I was delighted to discover that Illiers, where Marcel Proust spent his holidays as a child, and which figures in the book as Combray, is now marked on maps and road signs as Illiers-Combray, in official recognition of the reason for this sleepy village’s wider fame.

In a narrow street just off the market square in Illiers-Combray is the house in which Proust’s father, Adrien Proust, was born, and further along is the house of his aunt Élisabeth, now a Proust museum, where Élisabeth’s fictional counterpart, the bedridden Aunt Léonie, watched the world go by from her bedroom window. Around the corner from the house is a little boulangerie with a sign in the window announcing proudly: ‘This is where Aunt Léonie bought her madeleines’. It only occurs to me as I buy a packet of the scallop-shaped cakes, that Aunt Léonie is a creature of fiction. Never mind, Aunt Élisabeth might well have patronised the establishment, or one very like it. Up the hill there is a real house called Tansonville, the name of the house occupied by Charles Swann, and later by his daughter Gilberte and her husband Robert de Saint-Loup, and further on there is a real village called Méréglise, a name almost identical to the fictional Méséglise.
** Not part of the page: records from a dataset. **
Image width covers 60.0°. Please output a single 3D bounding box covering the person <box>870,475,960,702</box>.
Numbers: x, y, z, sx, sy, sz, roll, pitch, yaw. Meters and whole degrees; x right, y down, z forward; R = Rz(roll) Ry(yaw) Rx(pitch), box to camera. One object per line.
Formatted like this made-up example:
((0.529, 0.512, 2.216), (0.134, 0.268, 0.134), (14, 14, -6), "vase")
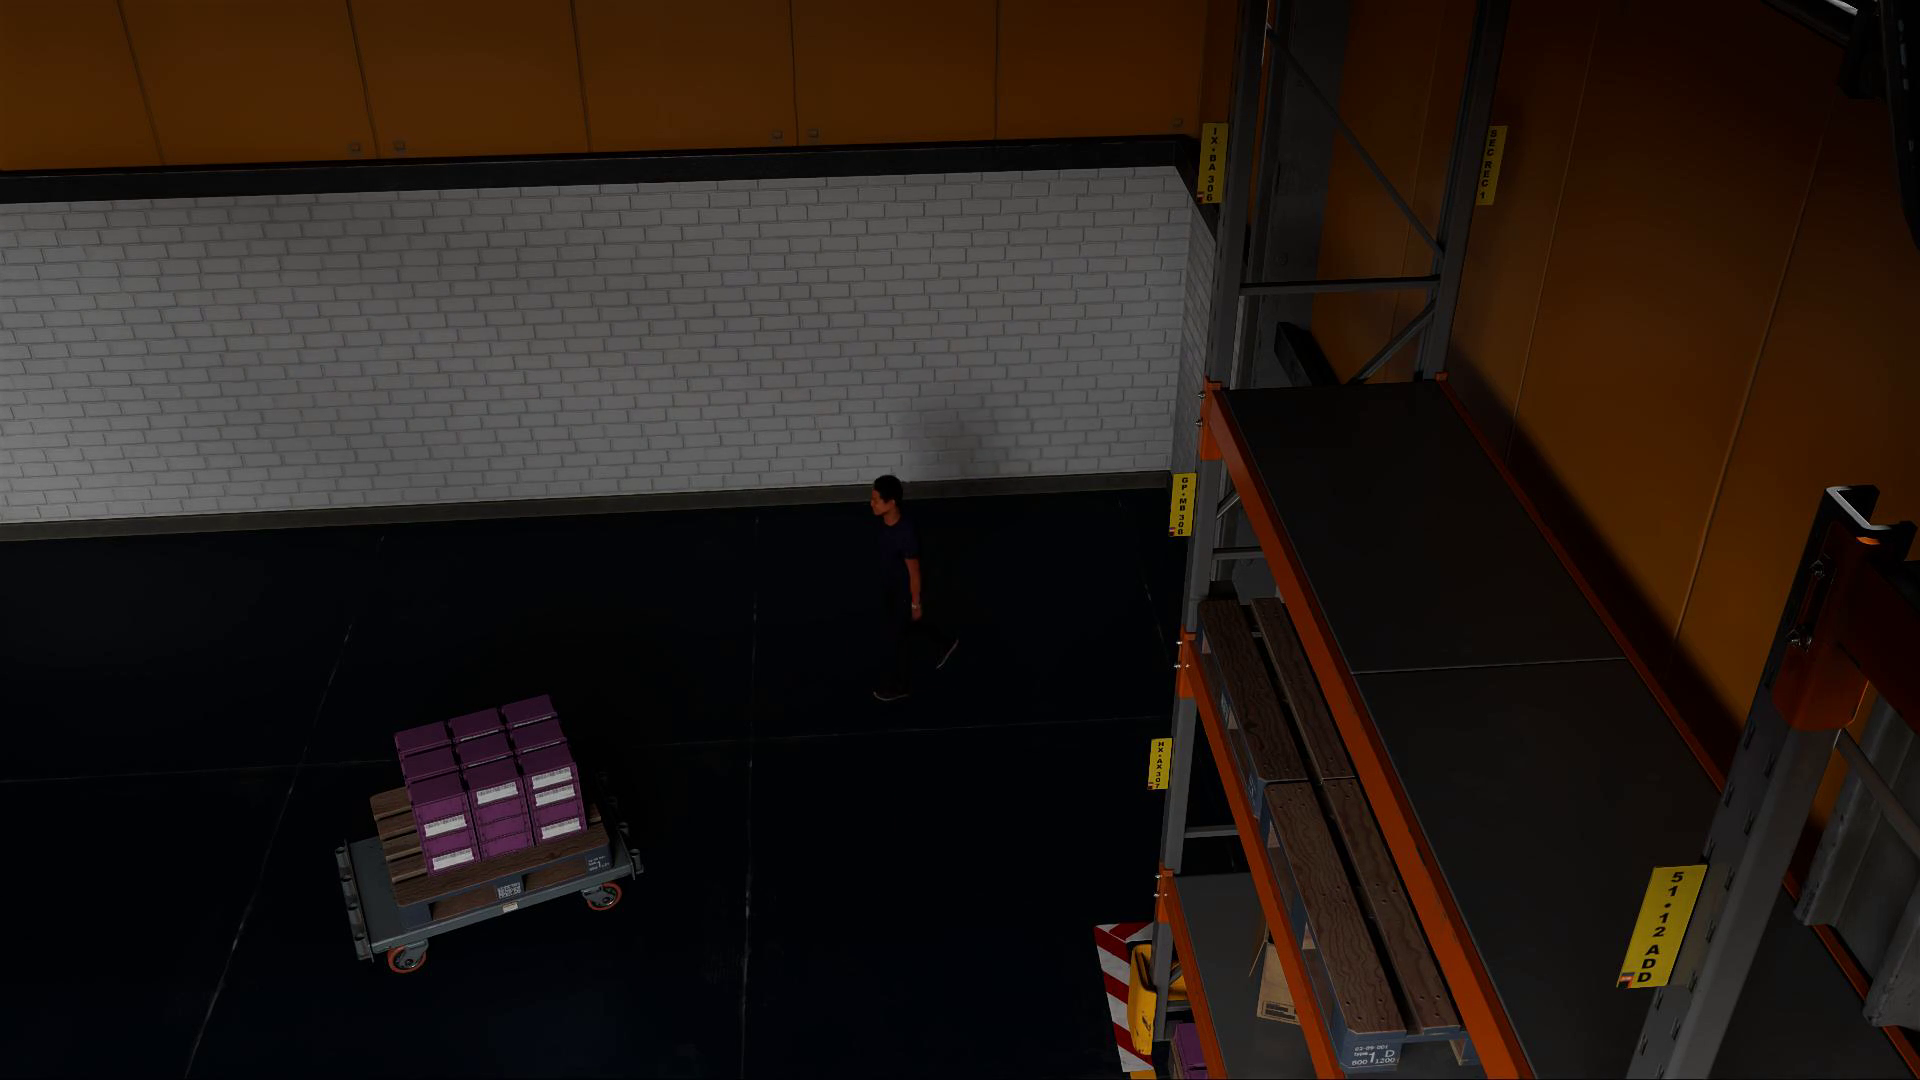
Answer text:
((-0.303, 0.305, 11.303), (0.947, 1.764, 0.980), (-17, 37, -24), "person")

Water lilies are still reflected in the glassy surface of the river Loir, which in the book bears the more poetic name the Vivonne, and beyond the stream lies the Pré Catalan, the enchanting park created by Proust’s horticulturally minded Uncle Jules. From Illiers I travelled on to Cabourg, a seaside resort on the Normandy coast, the original of the fictional Balbec. Here I found the Grand Hotel in all its Edwardian splendour. It was rebuilt after Proust spent holidays there as a child, but he returned as an adult, and sections of Remembrance of Things Past were written beneath its roof. As in Within a Budding Grove, the great glass windows of the restaurant look out over the promenade to the beach below, and with a little imagination, that group of budding young girls in bikinis is transformed into the little band of ‘jeunes filles en fleurs’ outlined against the sea.
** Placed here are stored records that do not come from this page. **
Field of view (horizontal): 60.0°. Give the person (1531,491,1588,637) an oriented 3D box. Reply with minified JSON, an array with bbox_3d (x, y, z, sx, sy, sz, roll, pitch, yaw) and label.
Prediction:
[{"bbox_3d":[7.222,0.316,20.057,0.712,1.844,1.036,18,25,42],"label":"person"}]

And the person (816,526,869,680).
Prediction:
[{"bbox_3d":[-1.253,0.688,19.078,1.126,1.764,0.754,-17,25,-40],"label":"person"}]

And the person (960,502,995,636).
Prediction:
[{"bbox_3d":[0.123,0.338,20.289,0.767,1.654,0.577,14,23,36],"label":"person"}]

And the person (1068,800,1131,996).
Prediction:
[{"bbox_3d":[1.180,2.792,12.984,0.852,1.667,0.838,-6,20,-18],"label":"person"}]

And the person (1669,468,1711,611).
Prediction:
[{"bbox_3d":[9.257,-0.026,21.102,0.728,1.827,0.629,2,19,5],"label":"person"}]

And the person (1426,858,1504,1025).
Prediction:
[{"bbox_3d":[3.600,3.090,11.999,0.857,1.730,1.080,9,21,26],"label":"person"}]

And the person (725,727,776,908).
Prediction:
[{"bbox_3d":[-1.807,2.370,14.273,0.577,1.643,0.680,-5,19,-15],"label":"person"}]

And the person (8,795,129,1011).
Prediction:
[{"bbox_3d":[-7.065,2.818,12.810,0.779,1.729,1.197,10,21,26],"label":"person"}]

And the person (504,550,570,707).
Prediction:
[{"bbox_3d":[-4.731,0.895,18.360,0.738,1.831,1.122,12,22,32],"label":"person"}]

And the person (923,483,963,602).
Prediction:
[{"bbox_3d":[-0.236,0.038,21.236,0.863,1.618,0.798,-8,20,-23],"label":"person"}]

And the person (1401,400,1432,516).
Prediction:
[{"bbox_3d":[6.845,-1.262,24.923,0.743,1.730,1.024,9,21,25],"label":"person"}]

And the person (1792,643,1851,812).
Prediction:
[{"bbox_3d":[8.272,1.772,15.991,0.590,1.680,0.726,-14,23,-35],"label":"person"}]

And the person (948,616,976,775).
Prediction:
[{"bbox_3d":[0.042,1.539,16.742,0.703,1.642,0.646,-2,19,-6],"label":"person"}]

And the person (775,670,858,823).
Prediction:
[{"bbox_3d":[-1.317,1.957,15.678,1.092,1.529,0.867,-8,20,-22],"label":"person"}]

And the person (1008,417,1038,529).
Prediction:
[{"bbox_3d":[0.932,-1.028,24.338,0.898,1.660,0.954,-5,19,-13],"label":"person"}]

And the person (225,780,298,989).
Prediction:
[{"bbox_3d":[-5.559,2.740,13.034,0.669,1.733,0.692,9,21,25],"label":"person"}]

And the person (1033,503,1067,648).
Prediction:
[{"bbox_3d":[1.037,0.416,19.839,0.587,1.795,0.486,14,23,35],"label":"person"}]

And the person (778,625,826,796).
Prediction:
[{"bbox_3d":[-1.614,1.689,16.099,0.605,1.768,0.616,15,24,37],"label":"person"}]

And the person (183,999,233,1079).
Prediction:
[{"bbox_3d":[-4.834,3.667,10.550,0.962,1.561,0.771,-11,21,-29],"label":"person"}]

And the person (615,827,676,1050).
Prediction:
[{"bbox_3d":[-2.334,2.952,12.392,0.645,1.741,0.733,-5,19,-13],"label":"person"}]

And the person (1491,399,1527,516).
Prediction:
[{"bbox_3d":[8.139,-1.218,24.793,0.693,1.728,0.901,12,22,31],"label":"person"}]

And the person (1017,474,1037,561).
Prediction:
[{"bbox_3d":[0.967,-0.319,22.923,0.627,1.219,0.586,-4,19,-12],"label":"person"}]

I travelled on to Paris, visiting 102 Boulevard Haussmann, Proust’s home for many years, where he wrote so much of Remembrance of Things Past. The building is still owned by the same bank that purchased it from Proust’s aunt, when her inconsiderate decision to sell it forced him to move. His bedroom is still there, but unfurnished, and to see the room as it was, one is obliged to visit the Musée Carnavalet, where his bed, chaise-longue and other effects are displayed in a reconstruction of the famous
cork-lined room.

A walk to the gardens of the Champs Élysées brought me to an area with a sign announcing that I am in the Allée Marcel Proust. Children chase each other – perhaps playing the modern equivalent of ‘prisoners base’, the game played by Gilberte and her friends. This is where the real Marcel played as a child with the real Marie de Benardaky, with whom he fell in love, just as the fictional Marcel falls in love with the fictional Gilberte Swann.
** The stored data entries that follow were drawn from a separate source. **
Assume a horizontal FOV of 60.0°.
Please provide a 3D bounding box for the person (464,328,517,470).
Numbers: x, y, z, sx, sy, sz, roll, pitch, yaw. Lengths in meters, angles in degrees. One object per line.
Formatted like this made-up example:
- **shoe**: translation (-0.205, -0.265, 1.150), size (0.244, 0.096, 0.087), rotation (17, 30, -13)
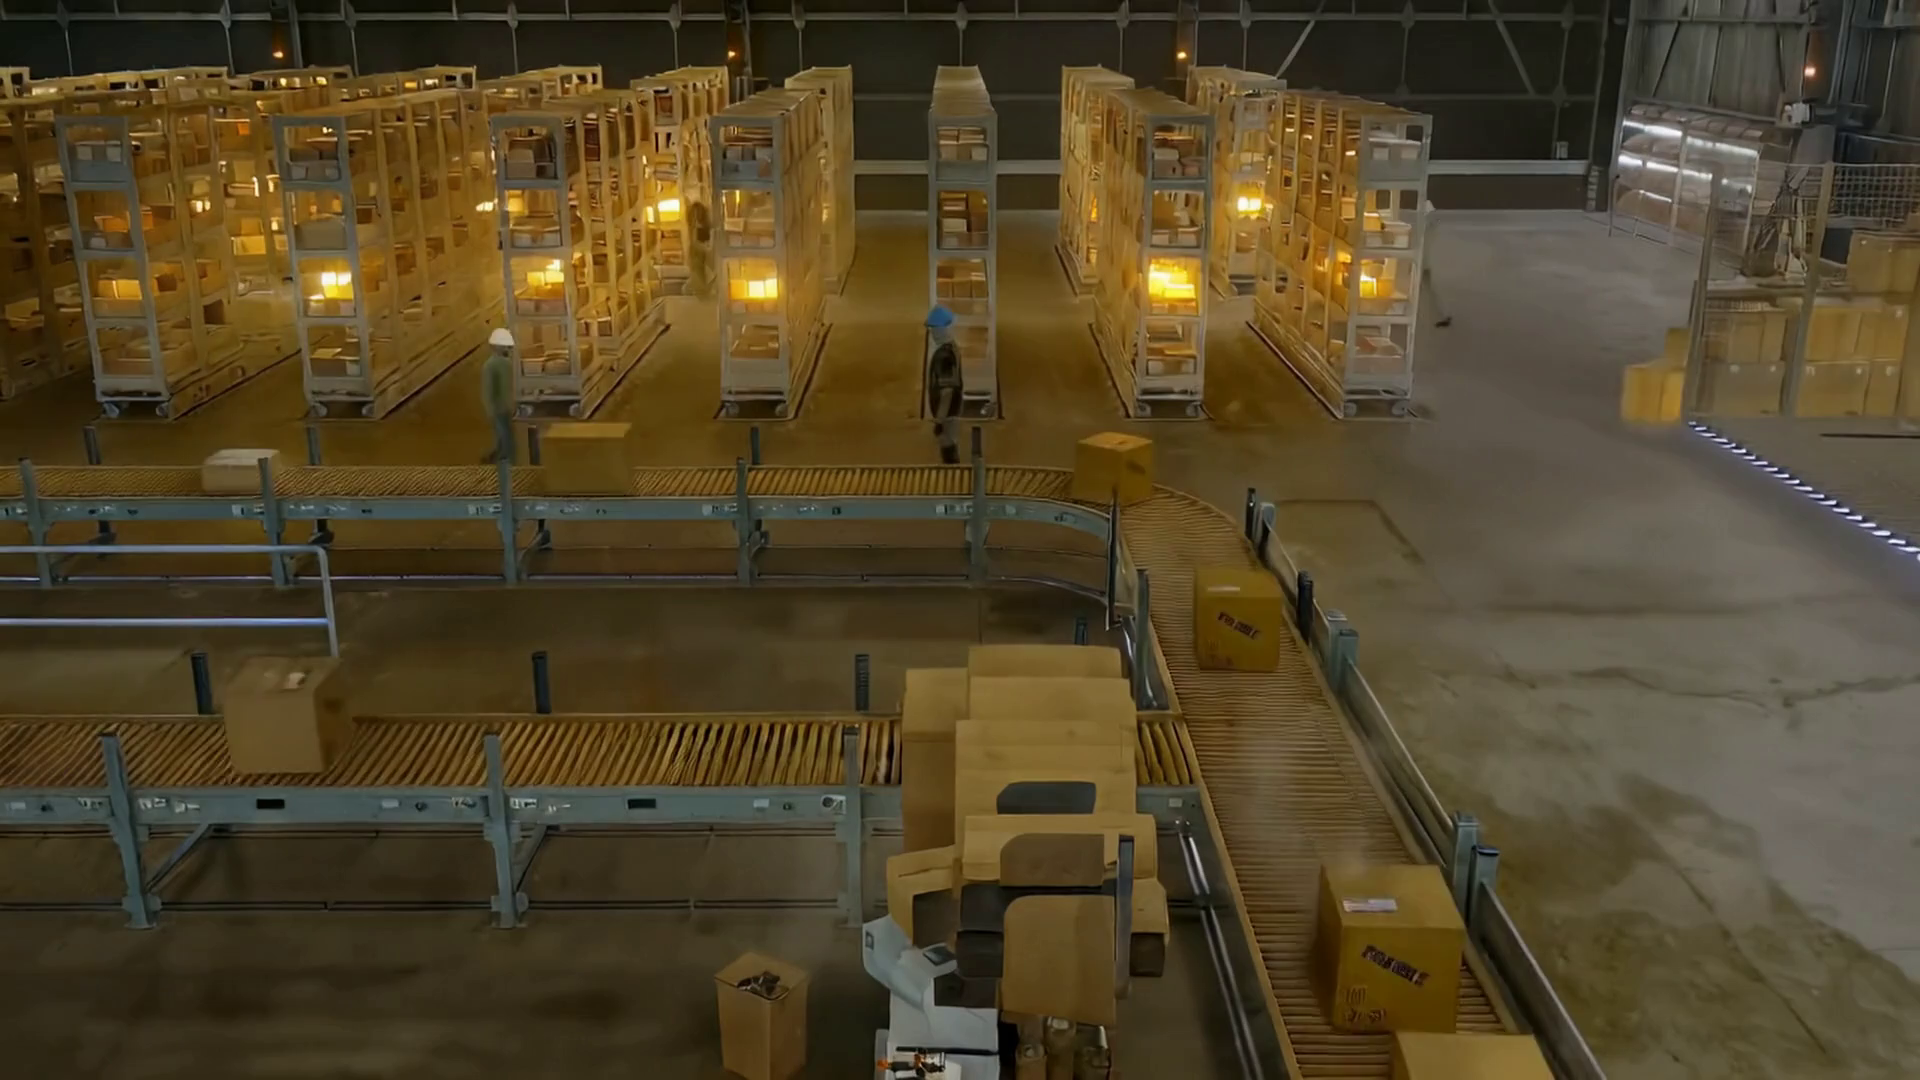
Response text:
- **person**: translation (-4.719, -1.298, 16.835), size (0.749, 1.736, 0.524), rotation (3, 18, 8)

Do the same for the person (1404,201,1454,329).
- **person**: translation (7.157, -4.221, 25.518), size (1.060, 1.942, 0.603), rotation (8, 20, 23)

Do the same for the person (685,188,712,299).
- **person**: translation (-4.391, -5.017, 28.145), size (0.525, 1.823, 0.757), rotation (4, 18, 11)

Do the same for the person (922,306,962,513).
- **person**: translation (-0.178, -1.273, 16.261), size (0.393, 2.041, 0.614), rotation (3, 18, 8)

In the real world the same spaces are occupied now by different people. Time has moved on, but places remain, and we have the privilege of being present in not only the imaginary world Proust created, but that portion of the real world which had a part in its creation. His presence has left behind a trace of magic, and we see places differently, because we see them through his eyes. One day those places will have crumbled into dust, as will we ourselves, and the space we now consider ours will be occupied by others. But as long as civilisation remains, those who come after us will be able to share Proust’s vision and enter his world. Proust was aware that art is the only true reality, and that through his creations the artist continues to live after his death, beyond space and beyond time.